First things first: what is a thought leadership article?
A thought leadership article is a piece of writing that positions you and your company as authorities in solving a specific business issue. It can be a short article or blog post, or a longer white paper. Some recent examples:
- Should your facility go green? The pros and cons of LEED for healthcare
- Get your head in the cloud: Five things companies need to know
How are thought leadership articles used?
The average thought leadership article can power a wide range of marketing materials, including:
- articles to draw people to your website
- all kinds of presentations — conferences, new business
- company blog posts or e-newsletter items
- prospective client handouts
- published story or opinion piece in trade or consumer media outlets
Five steps to start writing a thought leadership article
- Brainstorm your current work. What trends have you been seeing? What kinds of problems have clients been having?
- Choose a few issues that are the most relevant to clients, then think more deeply about those. What are the subjects on which you have something unique or relevant to say? Where do you have the most expertise?
- Take a step back. Once you’ve determined a few topics, reframe those topics through the lens of your company. What does your company want to emphasize? Where have you identified business opportunities? Maybe you have a great consumer story as a topic or example. If your company targets B2B firms, though, your article won’t help your business.

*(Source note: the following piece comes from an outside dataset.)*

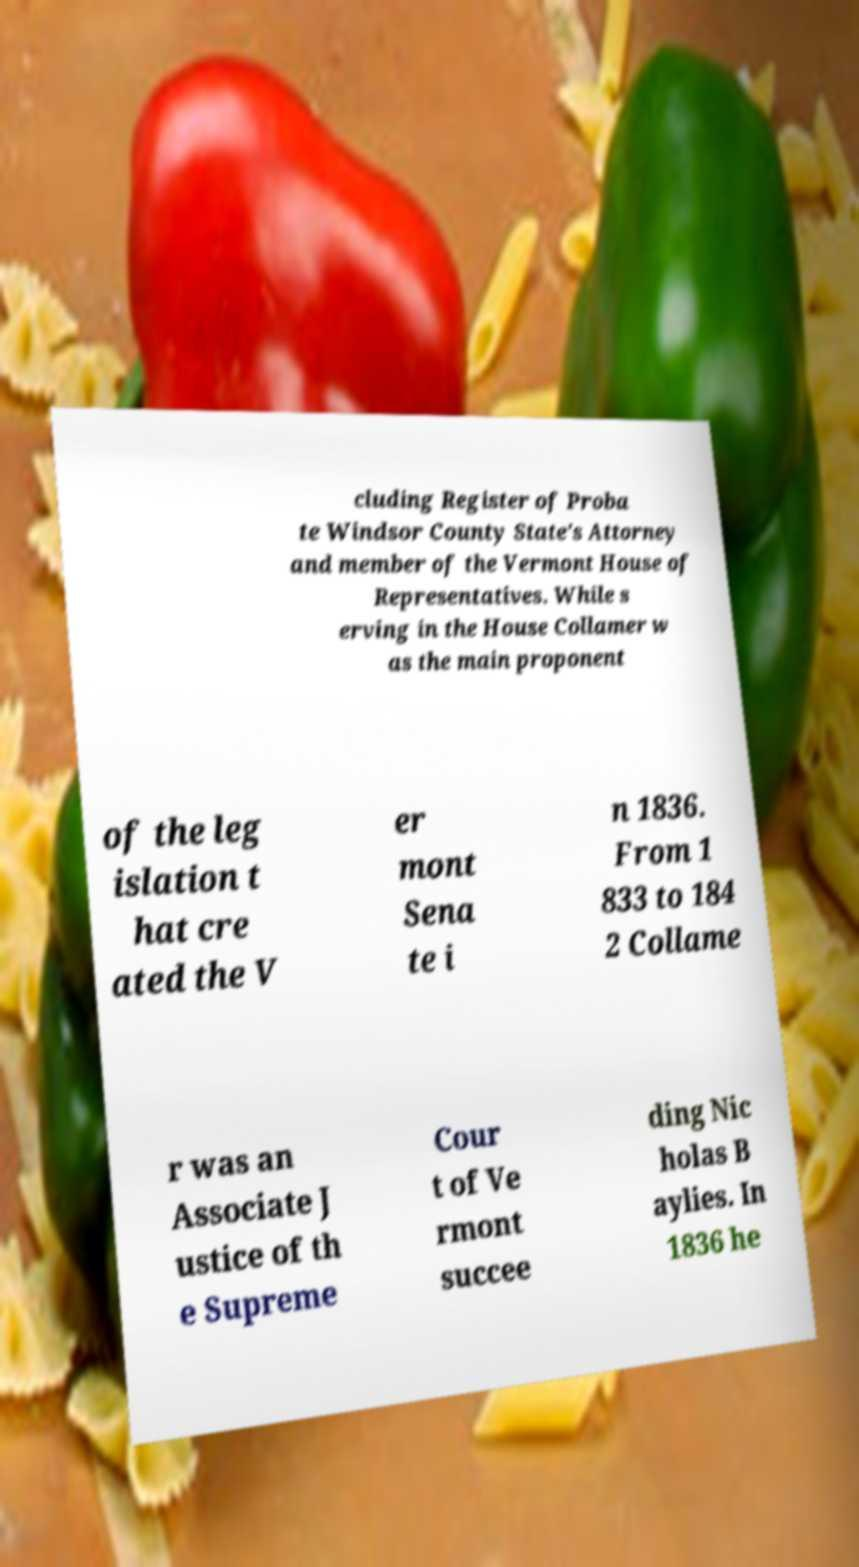Please identify and transcribe the text found in this image. cluding Register of Proba te Windsor County State's Attorney and member of the Vermont House of Representatives. While s erving in the House Collamer w as the main proponent of the leg islation t hat cre ated the V er mont Sena te i n 1836. From 1 833 to 184 2 Collame r was an Associate J ustice of th e Supreme Cour t of Ve rmont succee ding Nic holas B aylies. In 1836 he

- Demonstrate how you’ve solved the problem. Use real examples if you can, but if you don’t, it’s OK — but DO use real problems. One client I worked with had a great idea for a thought leadership article — she had a client with a common problem, but the client didn’t have the budget to solve the problem in the best way. So, we presented the client’s problem (anonymously), and then presented the optimal way for the client to solve the problem — not how the client actually did it.